The friends - all members of the local VR community Metaverse Crew, founded by Treweek - discussed parties they wanted to host in the club. "Show him the mixer," said Borland, speaking into Stapleton's mic, and we variously walked and wafted towards a disc of light next to the Dubship, which turned out to be a highly detailed sound mixer. "Still in development," said Devonport. "Ultimately it will allow mixing of the Dubship's sound components." He then drew me towards a fire burning on the black dune sands, which crackled and hissed when we came near. "A blending of four fire sounds," said Devonport. Strangely, it felt warm.

Phace, meanwhile, had gone over to a shipping container, which functions as the world's entry port. When pressed, a button on the container wall activated a short documentary about Garvey's shipping company. I began to feel seasick. "It happens," said Phace. "VR makes you spatially present in a different space. It's a fundamental shift in perception, like moving from black and white to colour."
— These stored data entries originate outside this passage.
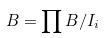Convert formula to latex. <formula><loc_0><loc_0><loc_500><loc_500>B = \prod B / I _ { i }</formula> 
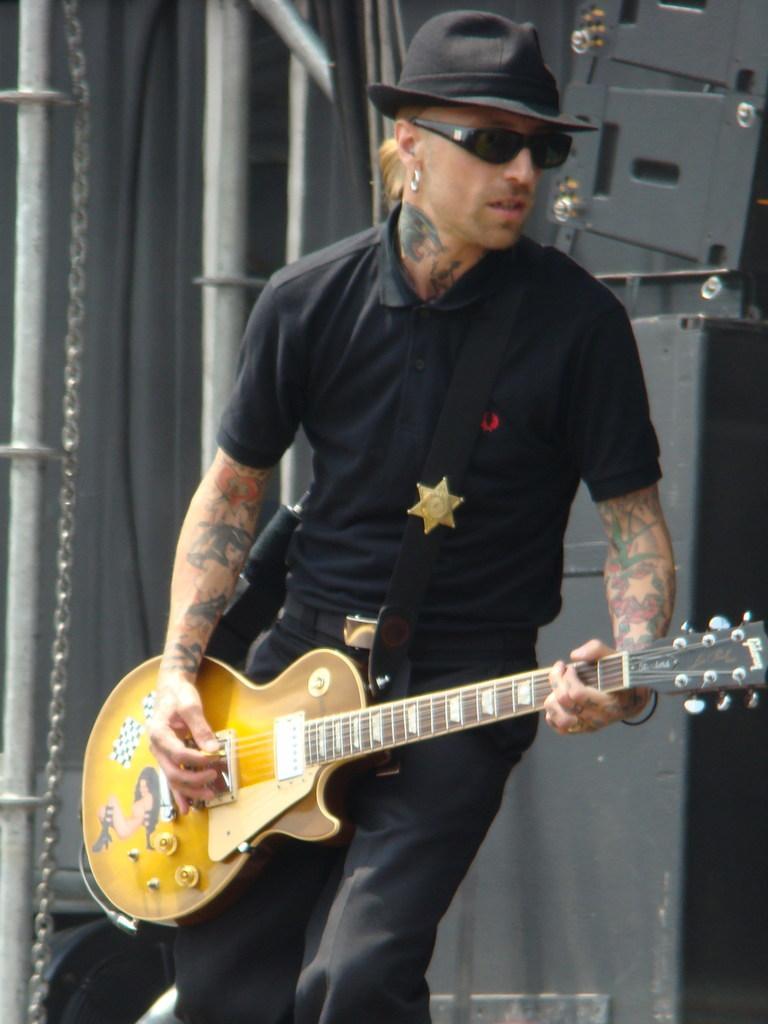Could you give a brief overview of what you see in this image? In this picture we can see a man playing a guitar, man wore a black color t-shirt, a black color pants and he wore a black color hat and in the background we can see some chains and rod. 
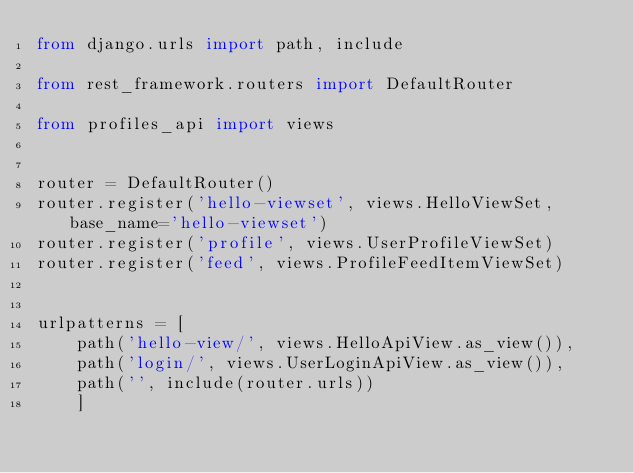<code> <loc_0><loc_0><loc_500><loc_500><_Python_>from django.urls import path, include

from rest_framework.routers import DefaultRouter

from profiles_api import views


router = DefaultRouter()
router.register('hello-viewset', views.HelloViewSet, base_name='hello-viewset')
router.register('profile', views.UserProfileViewSet)
router.register('feed', views.ProfileFeedItemViewSet)


urlpatterns = [
    path('hello-view/', views.HelloApiView.as_view()),
    path('login/', views.UserLoginApiView.as_view()),
    path('', include(router.urls))
    ]</code> 
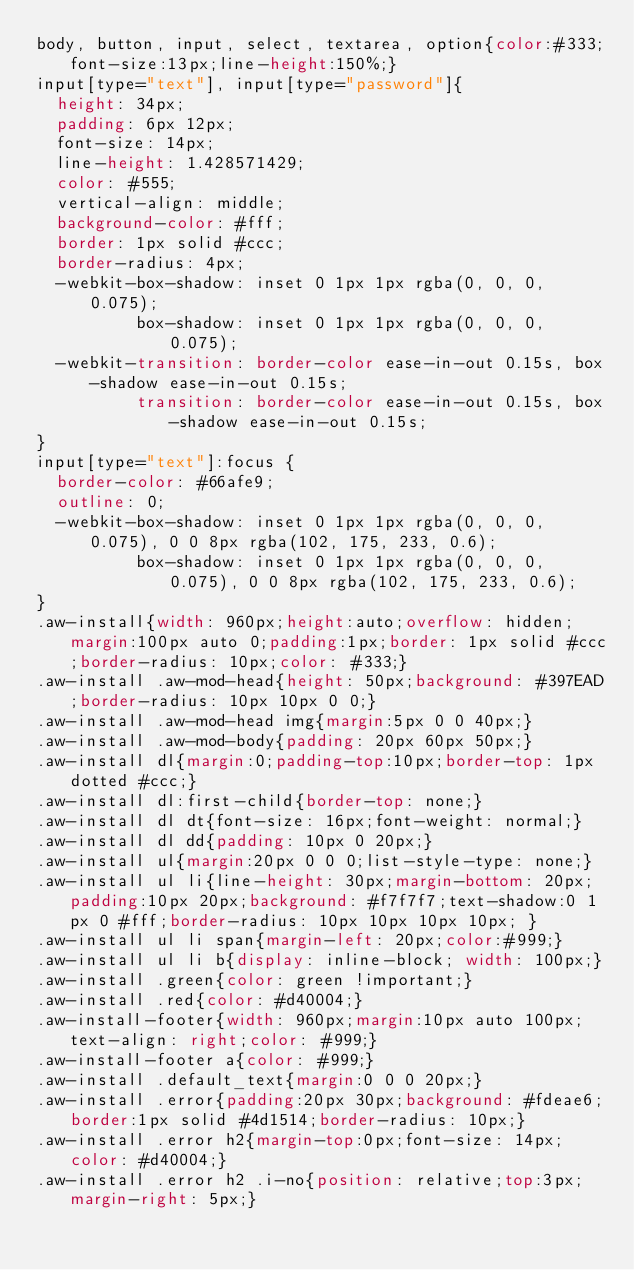<code> <loc_0><loc_0><loc_500><loc_500><_CSS_>body, button, input, select, textarea, option{color:#333;font-size:13px;line-height:150%;}
input[type="text"], input[type="password"]{
  height: 34px;
  padding: 6px 12px;
  font-size: 14px;
  line-height: 1.428571429;
  color: #555;
  vertical-align: middle;
  background-color: #fff;
  border: 1px solid #ccc;
  border-radius: 4px;
  -webkit-box-shadow: inset 0 1px 1px rgba(0, 0, 0, 0.075);
          box-shadow: inset 0 1px 1px rgba(0, 0, 0, 0.075);
  -webkit-transition: border-color ease-in-out 0.15s, box-shadow ease-in-out 0.15s;
          transition: border-color ease-in-out 0.15s, box-shadow ease-in-out 0.15s;
}
input[type="text"]:focus {
  border-color: #66afe9;
  outline: 0;
  -webkit-box-shadow: inset 0 1px 1px rgba(0, 0, 0, 0.075), 0 0 8px rgba(102, 175, 233, 0.6);
          box-shadow: inset 0 1px 1px rgba(0, 0, 0, 0.075), 0 0 8px rgba(102, 175, 233, 0.6);
}
.aw-install{width: 960px;height:auto;overflow: hidden;margin:100px auto 0;padding:1px;border: 1px solid #ccc;border-radius: 10px;color: #333;}
.aw-install .aw-mod-head{height: 50px;background: #397EAD;border-radius: 10px 10px 0 0;}
.aw-install .aw-mod-head img{margin:5px 0 0 40px;}
.aw-install .aw-mod-body{padding: 20px 60px 50px;}
.aw-install dl{margin:0;padding-top:10px;border-top: 1px dotted #ccc;}
.aw-install dl:first-child{border-top: none;}
.aw-install dl dt{font-size: 16px;font-weight: normal;}
.aw-install dl dd{padding: 10px 0 20px;}
.aw-install ul{margin:20px 0 0 0;list-style-type: none;}
.aw-install ul li{line-height: 30px;margin-bottom: 20px;padding:10px 20px;background: #f7f7f7;text-shadow:0 1px 0 #fff;border-radius: 10px 10px 10px 10px; }
.aw-install ul li span{margin-left: 20px;color:#999;}
.aw-install ul li b{display: inline-block; width: 100px;}
.aw-install .green{color: green !important;}
.aw-install .red{color: #d40004;}
.aw-install-footer{width: 960px;margin:10px auto 100px;text-align: right;color: #999;}
.aw-install-footer a{color: #999;}
.aw-install .default_text{margin:0 0 0 20px;}
.aw-install .error{padding:20px 30px;background: #fdeae6;border:1px solid #4d1514;border-radius: 10px;}
.aw-install .error h2{margin-top:0px;font-size: 14px;color: #d40004;}
.aw-install .error h2 .i-no{position: relative;top:3px;margin-right: 5px;}

</code> 
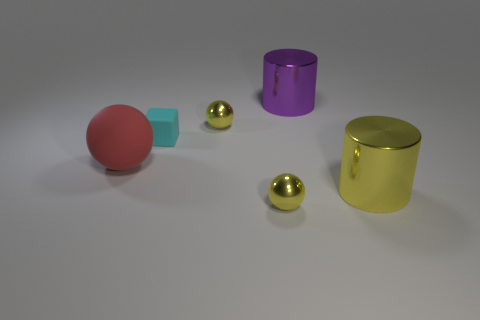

A portal was opened, and we wandered through corridors into a virtual meeting space high up in a skyscraper. I was shown a digital mirror, where I glimpsed that my own avatar was skull-faced, and wearing  a hoodie. I started feeling very ill, and wandered over to the window in search of air, but went too far and fell out, to my death, only to re-spawn in the lobby. I dragged off the headset, and asked Stapleton to kindly bid the others farewell.

A NEW FRONTIER

Outside, an occasional taxi hooted on Main Road, and although we didn't know it at the time, a Covid-19 variant called 501Y.V2 was already spreading. The former world, which had ended in March 2020 with SA's first hard lockdown, was about to recede in the rear-view mirror at an increasingly rapid rate.

Had I just glimpsed the future of chance encounters? Most VR platforms are relatively borderless, you can wander between worlds - 25,000 worlds on the VRChat platform
on which Digi-Dub Club is hosted - encountering all kinds of individuals, communities, possibly even sub-cultures.

Borland considered the question, and agreed that physical space still has the edge. He later wrote, "It's a certainty that virtual spaces are not yet complex enough to replicate the encounters thrown up in physical space, especially the dense layering of history in cities, but VR does offer us the prospect of magical realms that exist alongside ours."

My route home passed an encampment of would-be Tanzanian stowaways, and a different kind of exploded view: a set of clothes, from socks to beanies, drying on a highway embankment. There's no telling what Garvey would make of Borland's work, but if he were alive today and travelling the streets of Cape Town, I reckon he would be heartbroken.

The next landing of the Dubship will be at the Dakar Biennale in 2022. Find out more at dubships.spacecraft.africa. Borland is also working on a research project for the Institute for Humanities in Africa, University of Cape Town, investigating the social impact of emerging technologies in Africa.